Das Superfood Quinoa ist besonders in der pflanzlichen Küche beliebt und liegt voll im Trend. Bei den Inkas standen die kleinen Körnchen bereits vor tausenden von Jahren auf dem Speiseplan. Denn sie sind nicht nur lecker, sondern stecken auch voller wichtiger Nährstoffe. Aber ist Quinoa wirklich so gesund wie sein guter Ruf vermuten lässt? Und wie wird das Pseudogetreide richtig zubereitet? 

Was ist Quinoa?

Quinoa ist ein sogenanntes Pseudogetreide – anders als Weizen, Hafer oder Mais gehört es nicht zur Familie der Süßgräser, sondern ist ein Gänsefußgewächs. Der Name Quinoa bedeutet in etwa „die Mutter aller Samen“ und entstammt der indigenen Sprache Quechua, die von den Andenvölkern in Bolivien, Ecuador und Peru gesprochen wird. In diesen Ländern ist Quinoa seit jeher ein Grundnahrungsmittel.
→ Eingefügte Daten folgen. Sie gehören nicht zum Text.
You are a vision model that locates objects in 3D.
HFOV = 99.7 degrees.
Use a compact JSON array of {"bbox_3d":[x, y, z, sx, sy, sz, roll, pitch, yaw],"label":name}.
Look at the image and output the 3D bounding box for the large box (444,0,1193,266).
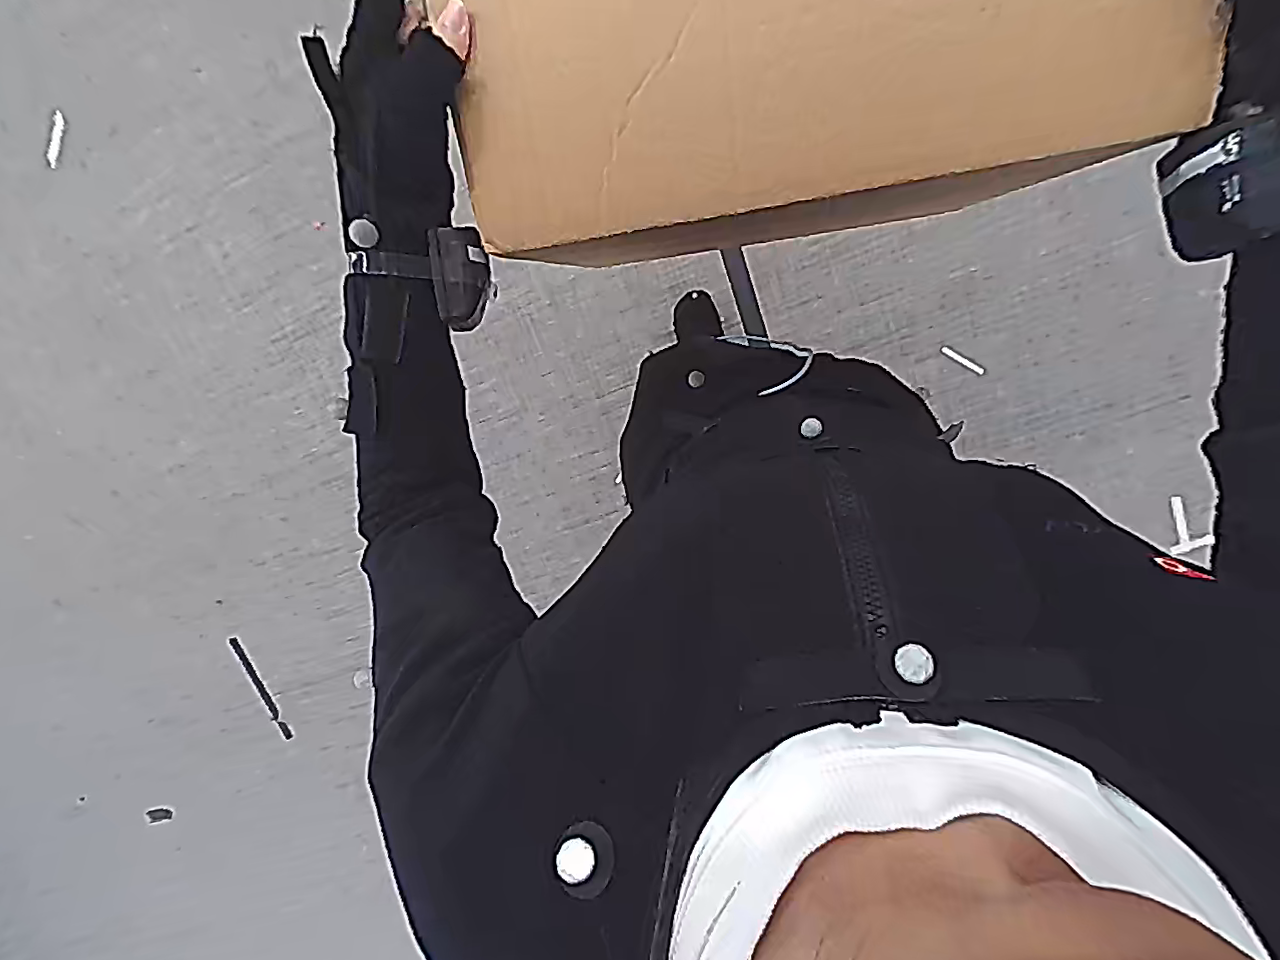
[{"bbox_3d":[0.092,-0.370,0.421,0.408,0.320,0.320,-6,109,10],"label":"large box"}]
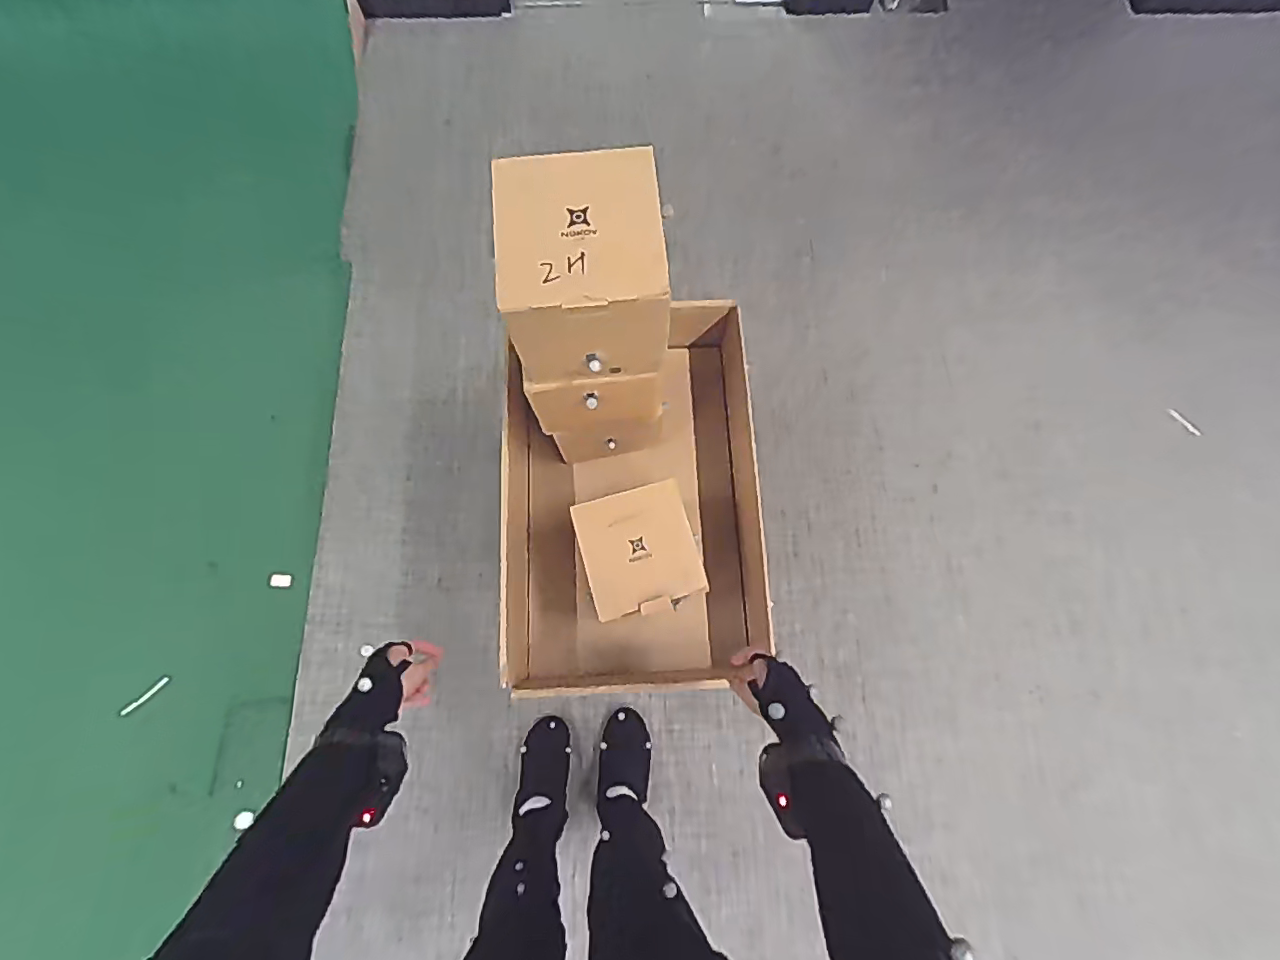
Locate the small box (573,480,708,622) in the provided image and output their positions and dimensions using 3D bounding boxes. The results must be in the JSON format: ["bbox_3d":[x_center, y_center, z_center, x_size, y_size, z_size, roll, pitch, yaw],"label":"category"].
[{"bbox_3d":[0.000,0.119,0.862,0.168,0.176,0.179,-15,76,-5],"label":"small box"}]

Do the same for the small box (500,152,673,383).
[{"bbox_3d":[-0.056,-0.227,0.609,0.168,0.176,0.179,-5,77,0],"label":"small box"}]

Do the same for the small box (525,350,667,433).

Optisch ähnelt Quinoa am ehesten Hirse: Die Samen sind nur 1–2 mm groß und haben eine runde, flache Form. Der Geschmack ist nussig und leicht herb, was an den im Quinoa enthaltenen Saponinen liegt. Zudem enthält das Pseudogetreide kein Gluten. Daher hat sich Quinoa in den vergangenen Jahren in Deutschland nicht nur als nährstoffreiches Superfood, sondern auch als Getreide-Alternative für Menschen mit einer Gluten-Unverträglichkeit durchgesetzt.

Fun Fact

Die NASA machte Quinoa in den USA populär. 1993 empfahl die US-Raumfahrtbehörde Quinoa wegen seines hohen Eiweiß- und Nährstoffgehalts als perfekte Weltraumnahrung. In der Folge stieg die Nachfrage nach Quinoa in den USA und weltweit rapide an.  

Herkunft und Geschichte von Quinoa

Quinoa stammt ursprünglich aus Südamerika. In den bergigen Andenregionen wird das „Korn der Inka“ bereits seit mehr als 5.000 Jahren kultiviert. Anders als Mais oder Gerste gedeiht die robuste Quinoapflanze auch in großer Höhe. Daher war Quinoa, genau wie Amaranth, für die indigenen Andenvölker ein unverzichtbares Grundnahrungsmittel.

Für den Rest der Welt blieben die kleinen Samen lange uninteressant. Im 16. Jahrhundert stellten spanische Eroberer den Anbau von Quinoa sogar unter Todesstrafe, um die Inka und Azteken zu schwächen. Erst Anfang der 1990er-Jahre entdeckten die US-Amerikaner der Nährwert von Quinoa und empfahlen das Pseudogetreide in einem Bericht. In den folgenden Jahren verbreitete sich Quinoa erst in den USA und anschließend auch in Europa.

In Deutschland wird Quinoa erst seit Ende der 1990er-Jahre angeboten. Zunächst gab es die kleinen Samen nur in Naturkostläden und Reformhäusern. Mittlerweile bekommst du Quinoa in jedem Supermarkt, als Teil von Müslis und Porridge-Mischungen und auch fertig zubereitet als Salat oder Bowl an der Frischetheke.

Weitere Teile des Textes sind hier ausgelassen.